● **DIRECTIONS**: Please take the lines from the one holding "Provide a succinct answer. 45.55." through the one holding "Give a very brief answer. 43.6." in the data below and copy them exactly.

######

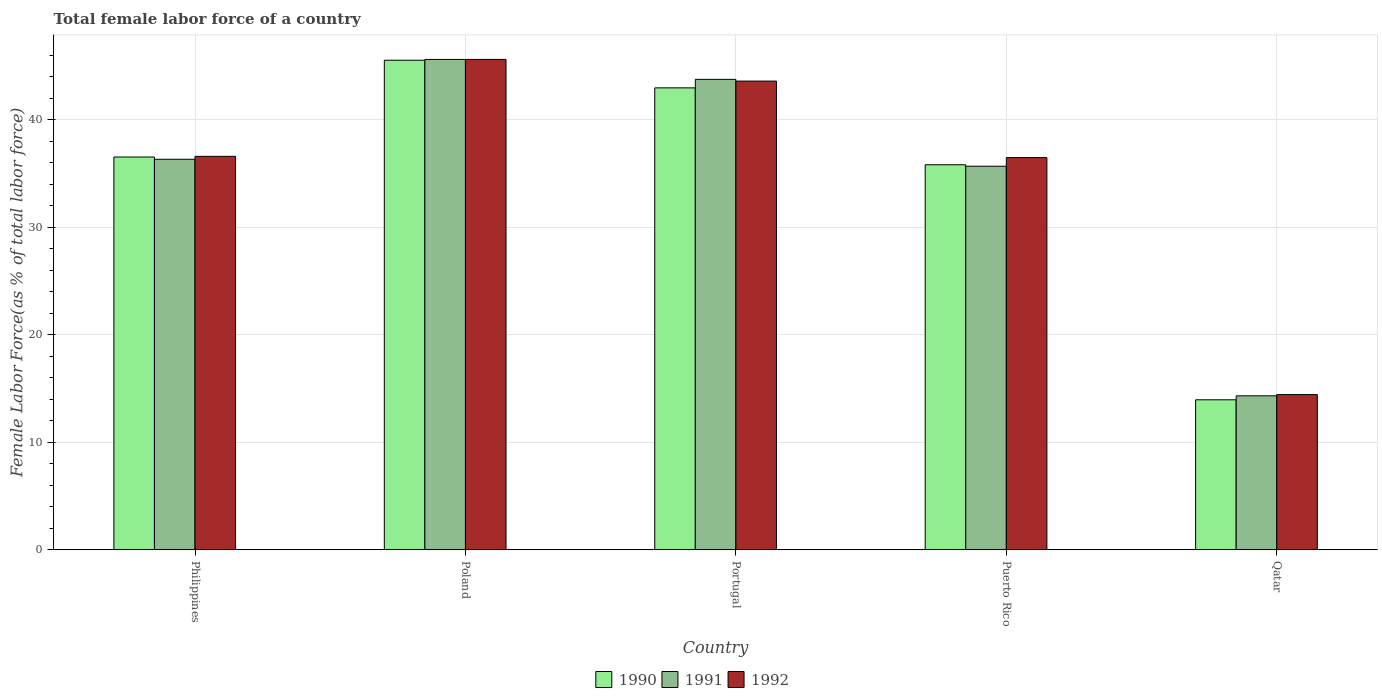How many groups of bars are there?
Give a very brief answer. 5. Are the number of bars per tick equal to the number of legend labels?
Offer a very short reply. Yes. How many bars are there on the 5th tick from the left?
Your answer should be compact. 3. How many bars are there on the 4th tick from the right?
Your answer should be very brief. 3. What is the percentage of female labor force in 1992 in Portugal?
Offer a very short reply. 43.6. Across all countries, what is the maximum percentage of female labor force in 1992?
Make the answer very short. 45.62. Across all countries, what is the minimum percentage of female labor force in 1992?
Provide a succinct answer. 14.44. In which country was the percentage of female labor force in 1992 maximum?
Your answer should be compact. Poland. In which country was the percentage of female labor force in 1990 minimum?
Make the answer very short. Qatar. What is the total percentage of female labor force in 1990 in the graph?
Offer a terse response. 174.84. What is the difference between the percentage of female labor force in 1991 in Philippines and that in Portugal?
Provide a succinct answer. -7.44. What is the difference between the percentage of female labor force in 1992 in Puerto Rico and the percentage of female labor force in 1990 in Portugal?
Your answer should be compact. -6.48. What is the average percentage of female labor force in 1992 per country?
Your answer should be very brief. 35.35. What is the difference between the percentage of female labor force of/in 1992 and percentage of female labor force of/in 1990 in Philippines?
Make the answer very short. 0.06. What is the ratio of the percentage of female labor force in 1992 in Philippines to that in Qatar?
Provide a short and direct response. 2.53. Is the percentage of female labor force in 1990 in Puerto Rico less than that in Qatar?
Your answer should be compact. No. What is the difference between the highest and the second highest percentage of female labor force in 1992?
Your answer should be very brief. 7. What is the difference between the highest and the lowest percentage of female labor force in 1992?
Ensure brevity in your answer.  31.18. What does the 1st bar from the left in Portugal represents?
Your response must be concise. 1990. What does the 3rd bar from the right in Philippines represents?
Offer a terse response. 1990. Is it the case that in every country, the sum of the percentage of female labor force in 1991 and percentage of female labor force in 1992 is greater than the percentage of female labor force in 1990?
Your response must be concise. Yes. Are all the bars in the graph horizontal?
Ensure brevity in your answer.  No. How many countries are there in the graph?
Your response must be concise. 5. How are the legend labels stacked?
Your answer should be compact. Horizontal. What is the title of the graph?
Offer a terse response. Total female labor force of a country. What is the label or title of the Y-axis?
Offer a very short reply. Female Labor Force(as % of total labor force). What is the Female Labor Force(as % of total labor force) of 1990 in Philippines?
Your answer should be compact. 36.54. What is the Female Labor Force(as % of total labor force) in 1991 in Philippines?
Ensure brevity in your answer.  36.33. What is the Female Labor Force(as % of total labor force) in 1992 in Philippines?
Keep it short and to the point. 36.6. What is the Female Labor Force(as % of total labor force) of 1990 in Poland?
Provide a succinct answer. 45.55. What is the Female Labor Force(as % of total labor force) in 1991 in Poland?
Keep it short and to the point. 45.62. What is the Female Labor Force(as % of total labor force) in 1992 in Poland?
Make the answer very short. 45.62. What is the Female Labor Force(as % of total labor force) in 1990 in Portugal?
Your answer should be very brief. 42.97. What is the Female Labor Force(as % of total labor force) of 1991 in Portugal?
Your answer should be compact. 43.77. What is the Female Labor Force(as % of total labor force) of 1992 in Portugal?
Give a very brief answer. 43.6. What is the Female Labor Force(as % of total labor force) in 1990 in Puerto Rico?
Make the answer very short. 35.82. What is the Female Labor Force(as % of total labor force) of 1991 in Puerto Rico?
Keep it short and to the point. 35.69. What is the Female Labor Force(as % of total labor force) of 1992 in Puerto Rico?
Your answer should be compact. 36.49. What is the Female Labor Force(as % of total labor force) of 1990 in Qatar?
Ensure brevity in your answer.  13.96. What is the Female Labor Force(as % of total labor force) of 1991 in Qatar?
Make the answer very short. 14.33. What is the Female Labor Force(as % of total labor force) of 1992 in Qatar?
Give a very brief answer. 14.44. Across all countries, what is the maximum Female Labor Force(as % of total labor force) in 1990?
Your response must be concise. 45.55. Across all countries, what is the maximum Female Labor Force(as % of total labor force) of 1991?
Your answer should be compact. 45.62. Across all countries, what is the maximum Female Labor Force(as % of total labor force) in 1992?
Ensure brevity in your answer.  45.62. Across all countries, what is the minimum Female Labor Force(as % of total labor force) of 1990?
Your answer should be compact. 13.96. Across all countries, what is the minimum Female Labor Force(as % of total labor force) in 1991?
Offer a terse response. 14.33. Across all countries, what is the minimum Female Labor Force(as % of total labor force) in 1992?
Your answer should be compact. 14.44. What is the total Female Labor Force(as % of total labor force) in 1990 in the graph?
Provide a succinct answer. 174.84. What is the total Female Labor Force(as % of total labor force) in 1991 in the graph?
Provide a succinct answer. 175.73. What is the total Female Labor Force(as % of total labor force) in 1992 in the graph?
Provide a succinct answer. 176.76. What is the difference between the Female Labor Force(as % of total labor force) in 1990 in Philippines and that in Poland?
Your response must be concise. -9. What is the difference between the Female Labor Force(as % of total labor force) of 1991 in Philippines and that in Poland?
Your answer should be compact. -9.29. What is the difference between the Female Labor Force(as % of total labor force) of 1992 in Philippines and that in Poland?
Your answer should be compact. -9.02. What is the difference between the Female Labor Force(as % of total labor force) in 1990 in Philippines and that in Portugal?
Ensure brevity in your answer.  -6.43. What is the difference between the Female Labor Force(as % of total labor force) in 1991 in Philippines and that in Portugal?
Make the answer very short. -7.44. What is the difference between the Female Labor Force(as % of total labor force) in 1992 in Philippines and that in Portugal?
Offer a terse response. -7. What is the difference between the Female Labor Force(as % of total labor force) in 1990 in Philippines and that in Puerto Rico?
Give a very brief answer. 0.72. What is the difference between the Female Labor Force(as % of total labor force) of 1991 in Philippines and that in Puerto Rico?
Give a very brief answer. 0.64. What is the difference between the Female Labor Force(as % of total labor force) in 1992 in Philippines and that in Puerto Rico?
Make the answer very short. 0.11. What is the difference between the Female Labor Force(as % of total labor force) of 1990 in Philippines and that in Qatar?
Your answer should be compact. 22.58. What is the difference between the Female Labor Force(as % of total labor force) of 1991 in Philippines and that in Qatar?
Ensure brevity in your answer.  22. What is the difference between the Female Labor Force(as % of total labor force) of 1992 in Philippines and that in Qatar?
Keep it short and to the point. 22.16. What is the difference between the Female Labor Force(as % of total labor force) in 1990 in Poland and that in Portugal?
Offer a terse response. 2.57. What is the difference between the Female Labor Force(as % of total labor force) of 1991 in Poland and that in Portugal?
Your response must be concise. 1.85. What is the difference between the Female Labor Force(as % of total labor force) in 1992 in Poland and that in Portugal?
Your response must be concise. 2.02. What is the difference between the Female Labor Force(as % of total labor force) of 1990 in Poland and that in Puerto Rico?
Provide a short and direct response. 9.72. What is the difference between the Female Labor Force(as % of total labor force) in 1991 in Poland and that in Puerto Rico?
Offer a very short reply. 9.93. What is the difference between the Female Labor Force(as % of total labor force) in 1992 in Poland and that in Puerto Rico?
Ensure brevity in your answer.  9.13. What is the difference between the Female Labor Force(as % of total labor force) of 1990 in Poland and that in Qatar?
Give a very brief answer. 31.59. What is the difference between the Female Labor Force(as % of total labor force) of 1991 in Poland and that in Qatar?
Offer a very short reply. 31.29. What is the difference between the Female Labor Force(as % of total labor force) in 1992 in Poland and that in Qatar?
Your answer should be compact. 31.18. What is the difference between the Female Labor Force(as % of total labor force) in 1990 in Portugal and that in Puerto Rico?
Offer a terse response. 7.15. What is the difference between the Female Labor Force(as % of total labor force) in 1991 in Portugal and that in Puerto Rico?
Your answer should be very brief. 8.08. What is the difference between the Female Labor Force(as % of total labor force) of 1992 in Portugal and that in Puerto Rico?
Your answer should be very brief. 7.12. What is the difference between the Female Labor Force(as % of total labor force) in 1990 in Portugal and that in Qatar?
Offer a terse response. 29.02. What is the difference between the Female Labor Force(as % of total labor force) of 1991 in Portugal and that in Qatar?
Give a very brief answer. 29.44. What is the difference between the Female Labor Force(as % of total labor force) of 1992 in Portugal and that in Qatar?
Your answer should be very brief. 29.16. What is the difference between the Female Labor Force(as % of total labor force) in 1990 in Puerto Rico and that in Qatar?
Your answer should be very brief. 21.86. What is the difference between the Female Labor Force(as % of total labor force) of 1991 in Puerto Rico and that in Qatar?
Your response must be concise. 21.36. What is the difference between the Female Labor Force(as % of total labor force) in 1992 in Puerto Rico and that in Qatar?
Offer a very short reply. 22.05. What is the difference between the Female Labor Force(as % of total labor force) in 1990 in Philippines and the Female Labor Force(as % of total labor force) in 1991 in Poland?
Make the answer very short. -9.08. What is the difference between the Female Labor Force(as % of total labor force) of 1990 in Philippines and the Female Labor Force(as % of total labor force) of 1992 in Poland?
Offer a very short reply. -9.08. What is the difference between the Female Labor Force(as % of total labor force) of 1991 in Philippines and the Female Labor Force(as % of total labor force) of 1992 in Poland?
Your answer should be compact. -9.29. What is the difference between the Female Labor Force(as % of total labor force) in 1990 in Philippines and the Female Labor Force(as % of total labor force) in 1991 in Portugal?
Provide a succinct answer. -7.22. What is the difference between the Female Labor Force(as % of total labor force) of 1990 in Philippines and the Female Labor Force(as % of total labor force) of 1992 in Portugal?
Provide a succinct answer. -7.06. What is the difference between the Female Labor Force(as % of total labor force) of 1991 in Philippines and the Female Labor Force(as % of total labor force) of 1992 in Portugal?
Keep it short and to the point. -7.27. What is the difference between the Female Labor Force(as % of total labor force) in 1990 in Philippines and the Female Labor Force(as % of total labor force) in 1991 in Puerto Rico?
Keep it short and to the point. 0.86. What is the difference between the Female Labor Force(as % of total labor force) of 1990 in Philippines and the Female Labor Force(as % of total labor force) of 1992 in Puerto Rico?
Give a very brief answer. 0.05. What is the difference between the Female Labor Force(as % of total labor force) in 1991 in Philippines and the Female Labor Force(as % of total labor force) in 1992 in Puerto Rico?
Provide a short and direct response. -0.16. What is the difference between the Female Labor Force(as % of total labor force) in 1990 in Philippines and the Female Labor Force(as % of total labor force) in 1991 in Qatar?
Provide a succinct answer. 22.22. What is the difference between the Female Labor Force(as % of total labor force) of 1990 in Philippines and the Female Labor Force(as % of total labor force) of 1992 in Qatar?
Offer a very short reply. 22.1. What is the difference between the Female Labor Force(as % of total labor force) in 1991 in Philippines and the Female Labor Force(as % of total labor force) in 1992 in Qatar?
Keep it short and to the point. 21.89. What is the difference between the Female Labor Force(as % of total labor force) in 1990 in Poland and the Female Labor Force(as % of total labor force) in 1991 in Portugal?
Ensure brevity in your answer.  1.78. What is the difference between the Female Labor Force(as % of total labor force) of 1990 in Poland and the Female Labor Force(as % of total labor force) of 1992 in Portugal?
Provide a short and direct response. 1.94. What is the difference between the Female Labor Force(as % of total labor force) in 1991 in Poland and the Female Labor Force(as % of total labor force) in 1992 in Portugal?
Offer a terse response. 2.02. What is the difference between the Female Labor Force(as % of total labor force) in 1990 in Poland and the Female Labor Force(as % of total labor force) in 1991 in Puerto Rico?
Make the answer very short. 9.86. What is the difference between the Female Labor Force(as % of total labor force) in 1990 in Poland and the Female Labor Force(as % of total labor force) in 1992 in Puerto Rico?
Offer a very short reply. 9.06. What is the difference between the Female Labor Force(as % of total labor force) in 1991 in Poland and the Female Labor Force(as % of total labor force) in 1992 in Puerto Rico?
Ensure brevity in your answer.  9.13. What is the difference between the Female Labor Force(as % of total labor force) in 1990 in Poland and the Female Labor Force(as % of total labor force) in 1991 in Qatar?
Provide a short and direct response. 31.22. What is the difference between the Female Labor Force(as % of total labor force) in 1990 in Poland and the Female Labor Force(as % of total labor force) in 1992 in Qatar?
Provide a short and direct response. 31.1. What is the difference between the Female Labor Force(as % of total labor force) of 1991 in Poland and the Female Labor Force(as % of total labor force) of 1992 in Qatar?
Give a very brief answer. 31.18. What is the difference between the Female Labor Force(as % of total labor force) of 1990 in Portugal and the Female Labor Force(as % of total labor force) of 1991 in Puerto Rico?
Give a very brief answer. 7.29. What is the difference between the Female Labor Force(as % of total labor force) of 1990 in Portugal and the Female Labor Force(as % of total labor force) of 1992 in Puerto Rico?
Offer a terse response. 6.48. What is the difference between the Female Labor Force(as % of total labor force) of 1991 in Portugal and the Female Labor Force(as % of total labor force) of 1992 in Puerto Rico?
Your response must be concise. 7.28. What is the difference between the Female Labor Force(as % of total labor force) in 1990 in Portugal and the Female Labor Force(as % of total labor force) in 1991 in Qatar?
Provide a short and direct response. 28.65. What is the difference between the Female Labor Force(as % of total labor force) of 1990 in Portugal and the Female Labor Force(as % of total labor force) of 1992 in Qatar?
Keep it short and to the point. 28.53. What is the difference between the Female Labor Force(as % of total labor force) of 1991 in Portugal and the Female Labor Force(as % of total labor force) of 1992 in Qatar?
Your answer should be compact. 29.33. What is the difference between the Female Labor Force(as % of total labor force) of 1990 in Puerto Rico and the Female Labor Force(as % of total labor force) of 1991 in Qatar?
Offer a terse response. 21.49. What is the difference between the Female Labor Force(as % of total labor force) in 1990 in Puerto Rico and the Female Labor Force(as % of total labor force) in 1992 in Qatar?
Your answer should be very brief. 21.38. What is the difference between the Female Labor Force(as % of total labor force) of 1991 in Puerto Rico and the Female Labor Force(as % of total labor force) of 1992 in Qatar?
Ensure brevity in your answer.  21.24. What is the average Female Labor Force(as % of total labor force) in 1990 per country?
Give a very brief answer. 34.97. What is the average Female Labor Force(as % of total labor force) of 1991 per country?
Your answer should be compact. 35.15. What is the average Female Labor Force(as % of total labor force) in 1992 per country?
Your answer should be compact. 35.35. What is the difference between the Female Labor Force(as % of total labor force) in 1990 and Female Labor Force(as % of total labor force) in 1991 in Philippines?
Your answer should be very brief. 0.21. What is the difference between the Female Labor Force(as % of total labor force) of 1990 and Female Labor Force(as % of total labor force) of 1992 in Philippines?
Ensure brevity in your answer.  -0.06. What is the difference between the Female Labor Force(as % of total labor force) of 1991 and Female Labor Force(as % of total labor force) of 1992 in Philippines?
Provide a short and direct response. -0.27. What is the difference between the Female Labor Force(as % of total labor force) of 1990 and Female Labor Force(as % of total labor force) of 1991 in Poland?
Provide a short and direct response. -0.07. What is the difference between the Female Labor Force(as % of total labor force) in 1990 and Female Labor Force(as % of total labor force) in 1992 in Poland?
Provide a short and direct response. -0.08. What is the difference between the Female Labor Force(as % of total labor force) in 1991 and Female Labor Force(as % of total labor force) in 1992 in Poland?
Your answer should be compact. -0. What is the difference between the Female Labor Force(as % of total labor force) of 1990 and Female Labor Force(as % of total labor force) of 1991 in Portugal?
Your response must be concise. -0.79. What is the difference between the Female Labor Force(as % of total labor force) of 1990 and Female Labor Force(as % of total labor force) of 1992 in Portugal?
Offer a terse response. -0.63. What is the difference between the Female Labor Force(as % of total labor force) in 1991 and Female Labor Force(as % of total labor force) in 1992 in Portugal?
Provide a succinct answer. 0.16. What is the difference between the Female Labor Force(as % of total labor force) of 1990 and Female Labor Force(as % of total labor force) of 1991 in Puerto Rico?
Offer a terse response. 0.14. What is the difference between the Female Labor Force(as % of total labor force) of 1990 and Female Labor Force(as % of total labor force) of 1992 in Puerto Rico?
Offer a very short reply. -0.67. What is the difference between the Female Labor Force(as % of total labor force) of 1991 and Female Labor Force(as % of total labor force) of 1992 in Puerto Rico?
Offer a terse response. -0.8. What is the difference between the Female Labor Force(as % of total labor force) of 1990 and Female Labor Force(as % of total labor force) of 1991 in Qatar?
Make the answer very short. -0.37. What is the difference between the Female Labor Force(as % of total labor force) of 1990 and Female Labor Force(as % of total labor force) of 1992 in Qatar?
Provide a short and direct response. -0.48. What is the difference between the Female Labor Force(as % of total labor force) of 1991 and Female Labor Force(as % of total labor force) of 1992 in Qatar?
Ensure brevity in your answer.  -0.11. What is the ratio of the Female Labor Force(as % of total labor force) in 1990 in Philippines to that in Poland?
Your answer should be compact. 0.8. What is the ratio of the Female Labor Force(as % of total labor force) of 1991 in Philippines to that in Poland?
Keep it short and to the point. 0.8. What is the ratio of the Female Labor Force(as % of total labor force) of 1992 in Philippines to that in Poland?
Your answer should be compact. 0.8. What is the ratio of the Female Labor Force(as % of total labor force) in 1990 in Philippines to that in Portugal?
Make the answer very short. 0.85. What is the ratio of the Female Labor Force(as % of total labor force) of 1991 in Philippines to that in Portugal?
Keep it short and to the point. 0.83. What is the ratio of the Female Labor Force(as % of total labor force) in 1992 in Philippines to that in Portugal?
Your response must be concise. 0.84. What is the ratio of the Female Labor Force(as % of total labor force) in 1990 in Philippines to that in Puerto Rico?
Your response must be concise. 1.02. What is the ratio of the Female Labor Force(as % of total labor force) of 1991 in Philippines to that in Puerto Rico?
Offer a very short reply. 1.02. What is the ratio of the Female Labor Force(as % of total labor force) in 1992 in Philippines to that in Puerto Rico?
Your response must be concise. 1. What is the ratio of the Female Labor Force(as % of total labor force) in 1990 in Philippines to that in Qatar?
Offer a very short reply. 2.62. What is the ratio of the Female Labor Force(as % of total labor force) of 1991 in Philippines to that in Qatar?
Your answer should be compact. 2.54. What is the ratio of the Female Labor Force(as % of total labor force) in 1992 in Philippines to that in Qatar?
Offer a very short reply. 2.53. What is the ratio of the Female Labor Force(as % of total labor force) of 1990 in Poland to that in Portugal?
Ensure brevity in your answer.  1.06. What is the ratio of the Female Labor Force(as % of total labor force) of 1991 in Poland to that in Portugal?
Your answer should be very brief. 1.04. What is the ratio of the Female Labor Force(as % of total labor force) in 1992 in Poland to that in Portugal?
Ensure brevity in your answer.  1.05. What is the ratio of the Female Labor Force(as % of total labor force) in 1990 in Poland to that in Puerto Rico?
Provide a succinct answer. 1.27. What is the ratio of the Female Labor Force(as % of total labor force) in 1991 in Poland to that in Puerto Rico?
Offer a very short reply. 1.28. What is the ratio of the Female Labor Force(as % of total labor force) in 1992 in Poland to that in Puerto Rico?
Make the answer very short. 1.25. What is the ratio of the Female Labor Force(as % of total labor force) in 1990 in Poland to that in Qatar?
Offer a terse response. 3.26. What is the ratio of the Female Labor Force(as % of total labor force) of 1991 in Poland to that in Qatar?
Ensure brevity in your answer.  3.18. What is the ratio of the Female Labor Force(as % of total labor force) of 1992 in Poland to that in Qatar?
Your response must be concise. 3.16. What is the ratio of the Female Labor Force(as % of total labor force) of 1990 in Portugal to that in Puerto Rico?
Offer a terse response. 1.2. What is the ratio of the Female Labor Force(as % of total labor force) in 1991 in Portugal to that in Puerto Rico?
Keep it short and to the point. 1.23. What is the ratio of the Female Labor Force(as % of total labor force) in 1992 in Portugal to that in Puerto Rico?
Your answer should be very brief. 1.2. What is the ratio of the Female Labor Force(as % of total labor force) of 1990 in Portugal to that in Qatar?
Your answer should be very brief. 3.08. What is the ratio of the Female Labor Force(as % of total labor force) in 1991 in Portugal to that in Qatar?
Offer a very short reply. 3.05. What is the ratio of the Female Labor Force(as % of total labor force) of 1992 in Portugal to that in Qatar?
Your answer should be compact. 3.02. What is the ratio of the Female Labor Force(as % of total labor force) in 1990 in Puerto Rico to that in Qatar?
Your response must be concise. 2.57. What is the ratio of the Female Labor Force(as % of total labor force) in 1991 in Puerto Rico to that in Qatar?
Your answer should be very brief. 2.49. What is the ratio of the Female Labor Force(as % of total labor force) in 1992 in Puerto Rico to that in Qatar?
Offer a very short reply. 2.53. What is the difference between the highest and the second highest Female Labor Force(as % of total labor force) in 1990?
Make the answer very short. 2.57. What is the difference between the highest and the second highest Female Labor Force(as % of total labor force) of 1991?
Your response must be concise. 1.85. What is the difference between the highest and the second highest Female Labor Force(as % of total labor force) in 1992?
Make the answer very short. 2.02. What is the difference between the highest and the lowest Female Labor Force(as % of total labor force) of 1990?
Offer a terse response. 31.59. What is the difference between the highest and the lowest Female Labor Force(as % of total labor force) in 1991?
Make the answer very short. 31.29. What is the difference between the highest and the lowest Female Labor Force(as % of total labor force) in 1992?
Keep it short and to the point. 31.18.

######

● **RESPONSE TO THE TASK**:
Provide a succinct answer. 45.55. What is the Female Labor Force(as % of total labor force) in 1991 in Poland?
Keep it short and to the point. 45.62. What is the Female Labor Force(as % of total labor force) in 1992 in Poland?
Make the answer very short. 45.62. What is the Female Labor Force(as % of total labor force) in 1990 in Portugal?
Your answer should be very brief. 42.97. What is the Female Labor Force(as % of total labor force) of 1991 in Portugal?
Your answer should be compact. 43.77. What is the Female Labor Force(as % of total labor force) of 1992 in Portugal?
Give a very brief answer. 43.6. What is the Female Labor Force(as % of total labor force) in 1990 in Puerto Rico?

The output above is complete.